** Data for this task follows **

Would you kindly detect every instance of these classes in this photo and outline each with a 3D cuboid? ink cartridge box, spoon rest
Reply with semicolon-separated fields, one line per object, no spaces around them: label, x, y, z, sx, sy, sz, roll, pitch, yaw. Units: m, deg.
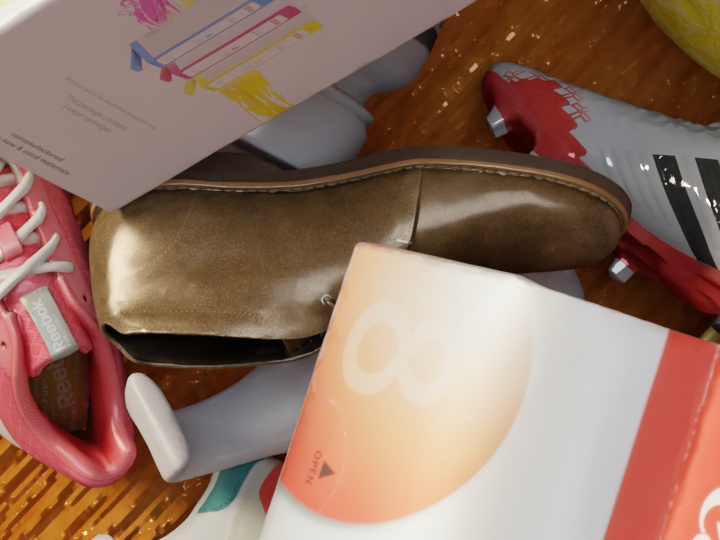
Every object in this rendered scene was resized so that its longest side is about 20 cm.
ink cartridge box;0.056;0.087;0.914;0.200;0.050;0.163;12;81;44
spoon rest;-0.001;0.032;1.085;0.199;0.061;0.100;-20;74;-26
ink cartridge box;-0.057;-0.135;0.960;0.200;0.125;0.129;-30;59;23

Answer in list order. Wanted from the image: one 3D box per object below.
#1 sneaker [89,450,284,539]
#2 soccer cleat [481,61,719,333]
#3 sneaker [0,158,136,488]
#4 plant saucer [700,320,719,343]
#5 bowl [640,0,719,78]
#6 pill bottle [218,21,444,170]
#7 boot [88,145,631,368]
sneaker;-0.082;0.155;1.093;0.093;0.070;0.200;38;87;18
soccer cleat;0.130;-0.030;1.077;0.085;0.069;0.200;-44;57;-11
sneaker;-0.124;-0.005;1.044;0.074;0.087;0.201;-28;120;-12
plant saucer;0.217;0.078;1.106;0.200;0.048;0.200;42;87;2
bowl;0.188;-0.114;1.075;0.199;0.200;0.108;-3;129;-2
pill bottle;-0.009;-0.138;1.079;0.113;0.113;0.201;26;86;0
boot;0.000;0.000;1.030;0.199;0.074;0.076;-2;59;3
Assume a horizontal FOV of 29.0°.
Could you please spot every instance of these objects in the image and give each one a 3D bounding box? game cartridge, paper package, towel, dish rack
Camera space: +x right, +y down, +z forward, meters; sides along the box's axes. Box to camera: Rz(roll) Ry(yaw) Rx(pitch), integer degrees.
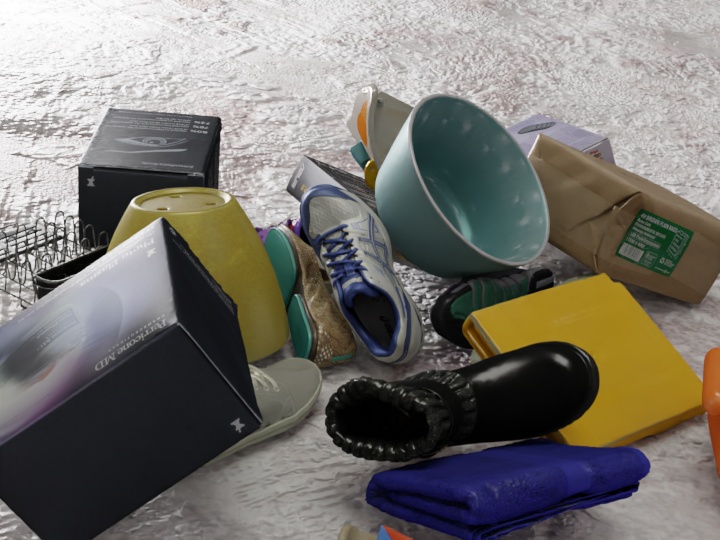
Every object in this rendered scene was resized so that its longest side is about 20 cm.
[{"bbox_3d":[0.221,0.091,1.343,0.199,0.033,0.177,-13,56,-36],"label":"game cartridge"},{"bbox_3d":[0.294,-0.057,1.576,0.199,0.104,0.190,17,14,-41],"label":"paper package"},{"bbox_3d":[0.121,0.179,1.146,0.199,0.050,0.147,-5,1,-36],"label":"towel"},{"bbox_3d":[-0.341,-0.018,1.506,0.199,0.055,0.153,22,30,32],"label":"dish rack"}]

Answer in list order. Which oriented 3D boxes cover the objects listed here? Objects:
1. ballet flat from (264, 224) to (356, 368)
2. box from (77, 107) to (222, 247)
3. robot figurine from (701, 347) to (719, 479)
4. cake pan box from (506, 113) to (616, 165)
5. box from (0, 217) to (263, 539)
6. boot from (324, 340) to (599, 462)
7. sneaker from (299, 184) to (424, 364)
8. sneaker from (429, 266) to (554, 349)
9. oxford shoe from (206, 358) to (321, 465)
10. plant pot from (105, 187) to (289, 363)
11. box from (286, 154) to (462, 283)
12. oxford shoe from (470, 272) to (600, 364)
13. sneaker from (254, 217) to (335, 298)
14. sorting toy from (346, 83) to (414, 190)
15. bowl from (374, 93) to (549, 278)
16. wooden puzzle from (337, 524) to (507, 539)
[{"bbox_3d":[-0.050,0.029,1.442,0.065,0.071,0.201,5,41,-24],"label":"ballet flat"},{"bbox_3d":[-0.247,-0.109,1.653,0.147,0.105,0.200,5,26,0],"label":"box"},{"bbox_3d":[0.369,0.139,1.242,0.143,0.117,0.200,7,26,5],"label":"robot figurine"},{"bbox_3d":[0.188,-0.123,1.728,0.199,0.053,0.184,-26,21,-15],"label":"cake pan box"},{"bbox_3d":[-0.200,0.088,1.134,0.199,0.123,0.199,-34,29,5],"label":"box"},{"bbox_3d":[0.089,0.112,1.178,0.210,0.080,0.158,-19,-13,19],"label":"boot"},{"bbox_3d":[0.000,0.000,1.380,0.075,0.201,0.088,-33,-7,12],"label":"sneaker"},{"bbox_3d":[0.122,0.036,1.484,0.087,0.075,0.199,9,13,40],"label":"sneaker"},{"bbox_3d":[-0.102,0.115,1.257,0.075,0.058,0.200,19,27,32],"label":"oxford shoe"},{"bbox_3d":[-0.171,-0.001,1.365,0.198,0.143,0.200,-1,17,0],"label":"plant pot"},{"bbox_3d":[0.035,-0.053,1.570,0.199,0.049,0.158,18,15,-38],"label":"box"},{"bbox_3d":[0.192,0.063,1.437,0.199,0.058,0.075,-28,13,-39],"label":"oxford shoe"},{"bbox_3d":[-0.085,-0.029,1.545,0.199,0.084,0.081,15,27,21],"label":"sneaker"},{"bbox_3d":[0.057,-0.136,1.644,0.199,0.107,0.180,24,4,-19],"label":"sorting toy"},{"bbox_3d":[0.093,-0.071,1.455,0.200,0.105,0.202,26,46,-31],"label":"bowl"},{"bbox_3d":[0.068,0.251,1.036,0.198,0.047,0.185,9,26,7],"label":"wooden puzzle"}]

** End of Data for this task **

### What to produce
Keep every word of the records and none of the pictures when you print them again.

### Answer to this problem
Would you kindly detect every instance of these classes in this photo and outline each with a 3D cuboid? ink cartridge box, spoon rest
Reply with semicolon-separated fields, one line per object, no spaces around them: label, x, y, z, sx, sy, sz, roll, pitch, yaw. Units: m, deg.
Every object in this rendered scene was resized so that its longest side is about 20 cm.
ink cartridge box;0.056;0.087;0.914;0.200;0.050;0.163;12;81;44
spoon rest;-0.001;0.032;1.085;0.199;0.061;0.100;-20;74;-26
ink cartridge box;-0.057;-0.135;0.960;0.200;0.125;0.129;-30;59;23

Answer in list order. Wanted from the image: one 3D box per object below.
#1 sneaker [89,450,284,539]
#2 soccer cleat [481,61,719,333]
#3 sneaker [0,158,136,488]
#4 plant saucer [700,320,719,343]
#5 bowl [640,0,719,78]
#6 pill bottle [218,21,444,170]
#7 boot [88,145,631,368]
sneaker;-0.082;0.155;1.093;0.093;0.070;0.200;38;87;18
soccer cleat;0.130;-0.030;1.077;0.085;0.069;0.200;-44;57;-11
sneaker;-0.124;-0.005;1.044;0.074;0.087;0.201;-28;120;-12
plant saucer;0.217;0.078;1.106;0.200;0.048;0.200;42;87;2
bowl;0.188;-0.114;1.075;0.199;0.200;0.108;-3;129;-2
pill bottle;-0.009;-0.138;1.079;0.113;0.113;0.201;26;86;0
boot;0.000;0.000;1.030;0.199;0.074;0.076;-2;59;3
Assume a horizontal FOV of 29.0°.
Could you please spot every instance of these objects in the image and give each one a 3D bounding box? game cartridge, paper package, towel, dish rack
Camera space: +x right, +y down, +z forward, meters; sides along the box's axes. Box to camera: Rz(roll) Ry(yaw) Rx(pitch), integer degrees.
Every object in this rendered scene was resized so that its longest side is about 20 cm.
[{"bbox_3d":[0.221,0.091,1.343,0.199,0.033,0.177,-13,56,-36],"label":"game cartridge"},{"bbox_3d":[0.294,-0.057,1.576,0.199,0.104,0.190,17,14,-41],"label":"paper package"},{"bbox_3d":[0.121,0.179,1.146,0.199,0.050,0.147,-5,1,-36],"label":"towel"},{"bbox_3d":[-0.341,-0.018,1.506,0.199,0.055,0.153,22,30,32],"label":"dish rack"}]

Answer in list order. Which oriented 3D boxes cover the objects listed here? Objects:
1. ballet flat from (264, 224) to (356, 368)
2. box from (77, 107) to (222, 247)
3. robot figurine from (701, 347) to (719, 479)
4. cake pan box from (506, 113) to (616, 165)
5. box from (0, 217) to (263, 539)
6. boot from (324, 340) to (599, 462)
7. sneaker from (299, 184) to (424, 364)
8. sneaker from (429, 266) to (554, 349)
9. oxford shoe from (206, 358) to (321, 465)
10. plant pot from (105, 187) to (289, 363)
11. box from (286, 154) to (462, 283)
12. oxford shoe from (470, 272) to (600, 364)
13. sneaker from (254, 217) to (335, 298)
14. sorting toy from (346, 83) to (414, 190)
15. bowl from (374, 93) to (549, 278)
16. wooden puzzle from (337, 524) to (507, 539)
[{"bbox_3d":[-0.050,0.029,1.442,0.065,0.071,0.201,5,41,-24],"label":"ballet flat"},{"bbox_3d":[-0.247,-0.109,1.653,0.147,0.105,0.200,5,26,0],"label":"box"},{"bbox_3d":[0.369,0.139,1.242,0.143,0.117,0.200,7,26,5],"label":"robot figurine"},{"bbox_3d":[0.188,-0.123,1.728,0.199,0.053,0.184,-26,21,-15],"label":"cake pan box"},{"bbox_3d":[-0.200,0.088,1.134,0.199,0.123,0.199,-34,29,5],"label":"box"},{"bbox_3d":[0.089,0.112,1.178,0.210,0.080,0.158,-19,-13,19],"label":"boot"},{"bbox_3d":[0.000,0.000,1.380,0.075,0.201,0.088,-33,-7,12],"label":"sneaker"},{"bbox_3d":[0.122,0.036,1.484,0.087,0.075,0.199,9,13,40],"label":"sneaker"},{"bbox_3d":[-0.102,0.115,1.257,0.075,0.058,0.200,19,27,32],"label":"oxford shoe"},{"bbox_3d":[-0.171,-0.001,1.365,0.198,0.143,0.200,-1,17,0],"label":"plant pot"},{"bbox_3d":[0.035,-0.053,1.570,0.199,0.049,0.158,18,15,-38],"label":"box"},{"bbox_3d":[0.192,0.063,1.437,0.199,0.058,0.075,-28,13,-39],"label":"oxford shoe"},{"bbox_3d":[-0.085,-0.029,1.545,0.199,0.084,0.081,15,27,21],"label":"sneaker"},{"bbox_3d":[0.057,-0.136,1.644,0.199,0.107,0.180,24,4,-19],"label":"sorting toy"},{"bbox_3d":[0.093,-0.071,1.455,0.200,0.105,0.202,26,46,-31],"label":"bowl"},{"bbox_3d":[0.068,0.251,1.036,0.198,0.047,0.185,9,26,7],"label":"wooden puzzle"}]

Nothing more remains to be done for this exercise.